START_DATE=$(jq -r '.features[] | select(.properties.type=="region") | .properties.start_date' "$REGION_FPATH")
END_DATE=$(jq -r '.features[] | select(.properties.type=="region") | .properties.end_date' "$REGION_FPATH")
# Shrink time window to test with less data
START_DATE=2016-12-02
END_DATE=2020-12-31
REGION_ID=$(jq -r '.features[] | select(.properties.type=="region") | .properties.region_id' "$REGION_FPATH")
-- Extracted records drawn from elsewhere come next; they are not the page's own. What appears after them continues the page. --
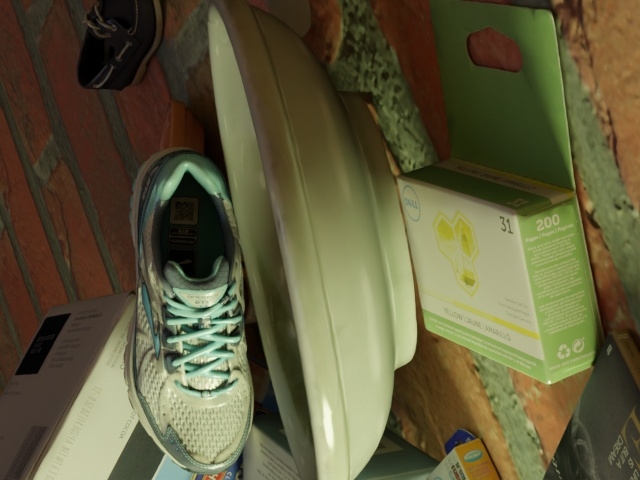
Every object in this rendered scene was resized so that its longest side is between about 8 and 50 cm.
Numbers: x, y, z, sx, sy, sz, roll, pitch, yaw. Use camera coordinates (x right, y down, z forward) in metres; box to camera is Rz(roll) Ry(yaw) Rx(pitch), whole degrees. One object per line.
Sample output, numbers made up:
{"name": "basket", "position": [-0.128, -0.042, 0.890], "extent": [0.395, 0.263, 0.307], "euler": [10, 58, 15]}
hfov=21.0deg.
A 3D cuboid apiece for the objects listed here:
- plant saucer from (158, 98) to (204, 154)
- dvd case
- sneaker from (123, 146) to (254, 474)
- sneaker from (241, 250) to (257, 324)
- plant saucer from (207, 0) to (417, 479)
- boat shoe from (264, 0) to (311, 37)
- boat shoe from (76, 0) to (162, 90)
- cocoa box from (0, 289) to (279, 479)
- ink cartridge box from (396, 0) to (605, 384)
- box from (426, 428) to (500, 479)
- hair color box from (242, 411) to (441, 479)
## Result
{"name": "plant saucer", "position": [-0.143, -0.038, 1.695], "extent": [0.200, 0.037, 0.200], "euler": [-173, 90, -82]}
{"name": "dvd case", "position": [0.203, 0.191, 1.078], "extent": [0.164, 0.018, 0.221], "euler": [105, 153, -45]}
{"name": "sneaker", "position": [-0.113, 0.059, 1.453], "extent": [0.122, 0.110, 0.283], "euler": [162, 101, -78]}
{"name": "sneaker", "position": [-0.086, 0.039, 1.669], "extent": [0.185, 0.084, 0.069], "euler": [-92, 16, -69]}
{"name": "plant saucer", "position": [0.000, 0.000, 1.313], "extent": [0.400, 0.101, 0.400], "euler": [169, 90, -84]}
{"name": "boat shoe", "position": [-0.034, -0.205, 1.407], "extent": [0.100, 0.035, 0.035], "euler": [62, -177, 16]}
{"name": "boat shoe", "position": [-0.210, -0.214, 1.771], "extent": [0.075, 0.065, 0.206], "euler": [65, 157, 18]}
{"name": "cocoa box", "position": [-0.185, 0.205, 1.705], "extent": [0.228, 0.231, 0.347], "euler": [31, 165, -16]}
{"name": "ink cartridge box", "position": [0.110, -0.038, 1.156], "extent": [0.171, 0.056, 0.235], "euler": [23, 129, 63]}
{"name": "box", "position": [0.124, 0.216, 1.347], "extent": [0.136, 0.028, 0.081], "euler": [63, 157, 18]}
{"name": "hair color box", "position": [0.019, 0.350, 1.508], "extent": [0.185, 0.114, 0.374], "euler": [-153, 59, -61]}

SEARCH_FPATH=$DEMO_DPATH/stac_search.json
RESULT_FPATH=$DEMO_DPATH/all_sensors_kit/${REGION_ID}.input
CATALOG_FPATH=$DEMO_DPATH/all_sensors_kit/${REGION_ID}_catalog.json
KWCOCO_FPATH=$DEMO_DPATH/all_sensors_kit/${REGION_ID}.kwcoco.zip
KWCOCO_FIELDED_FPATH=$DEMO_DPATH/all_sensors_kit/${REGION_ID}-fielded.kwcoco.zip
KWCOCO_ALIGNED_DPATH=$DEMO_DPATH/all_sensors_kit/cropped/
KWCOCO_ALIGNED_FPATH=$DEMO_DPATH/all_sensors_kit/cropped/${REGION_ID}-fielded.kwcoco.zip
mkdir -p "$DEMO_DPATH"
# Create the search json wrt the sensors and processing level we want
python -m geowatch.stac.stac_search_builder \
--start_date="$START_DATE" \
--end_date="$END_DATE" \
--cloud_cover=40 \
--sensors=sentinel-s2-l2a-cogs \
--out_fpath "$SEARCH_FPATH"
cat "$SEARCH_FPATH"
# Delete this to prevent duplicates
rm -f "$RESULT_FPATH"
# Create the .input file
# use max_products_per_region to keep the result small
python -m geowatch.cli.stac_search \
--region_file "$REGION_FPATH" \
--search_json "$SEARCH_FPATH" \
--mode area \
--verbose 2 \
--max_products_per_region 10 \
--outfile "${RESULT_FPATH}"
cat "$RESULT_FPATH"
python -m geowatch.cli.baseline_framework_ingress \
--input_path="$RESULT_FPATH" \
--catalog_fpath="${CATALOG_FPATH}" \
--virtual=True \
--jobs=avail \
--aws_profile=iarpa \
--requester_pays=0
AWS_DEFAULT_PROFILE=iarpa python -m geowatch.cli.stac_to_kwcoco \
--input_stac_catalog="${CATALOG_FPATH}" \
--outpath="$KWCOCO_FPATH" \
--jobs=8 \
--from_collated=False \
--ignore_duplicates=0
# Check that the resulting kwcoco has what you want in it
geowatch stats "$KWCOCO_FPATH"
# Use kwcoco info to dump a single image dictionary
kwcoco info "$KWCOCO_FPATH" -g 1 -i 0
# Prefetch header metadata from remote assets
AWS_DEFAULT_PROFILE=iarpa python -m geowatch.cli.coco_add_watch_fields \
--src="$KWCOCO_FPATH" \
--dst="$KWCOCO_FIELDED_FPATH" \
--overwrite=warp \
--workers=8 \
--enable_video_stats=False \
--target_gsd=10 \
--remove_broken=True \
--skip_populate_errors=False
# Use kwcoco info to see what info fielding added
kwcoco info "$KWCOCO_FPATH" -g 1 -i 0
# Perform the crop to create an aligned dataset with videos
AWS_DEFAULT_PROFILE=iarpa python -m geowatch.cli.coco_align \
--regions "$REGION_FPATH" \
--context_factor=1 \
--geo_preprop=auto \
--keep=img \
--force_nodata=None \
--include_channels="None" \
--exclude_channels="None" \
--visualize=False \
--debug_valid_regions=False \
--rpc_align_method orthorectify \
--sensor_to_time_window "None" \
--verbose=0 \
--aux_workers=0 \
--target_gsd=10 \
--force_min_gsd=None \
--workers=26 \
--tries=2 \
--asset_timeout=4hours \
--image_timeout=8hours \
--hack_lazy=False \
--src="$KWCOCO_FIELDED_FPATH" \
--dst="$KWCOCO_FIELDED_FPATH" \
--dst_bundle_dpath=$KWCOCO_ALIGNED_DPATH
I ran through this example myself, and I think it will try to extract the dsms, but it might break. So I suppose the task is to verify that this works with DSMs and fix it if it doesn't.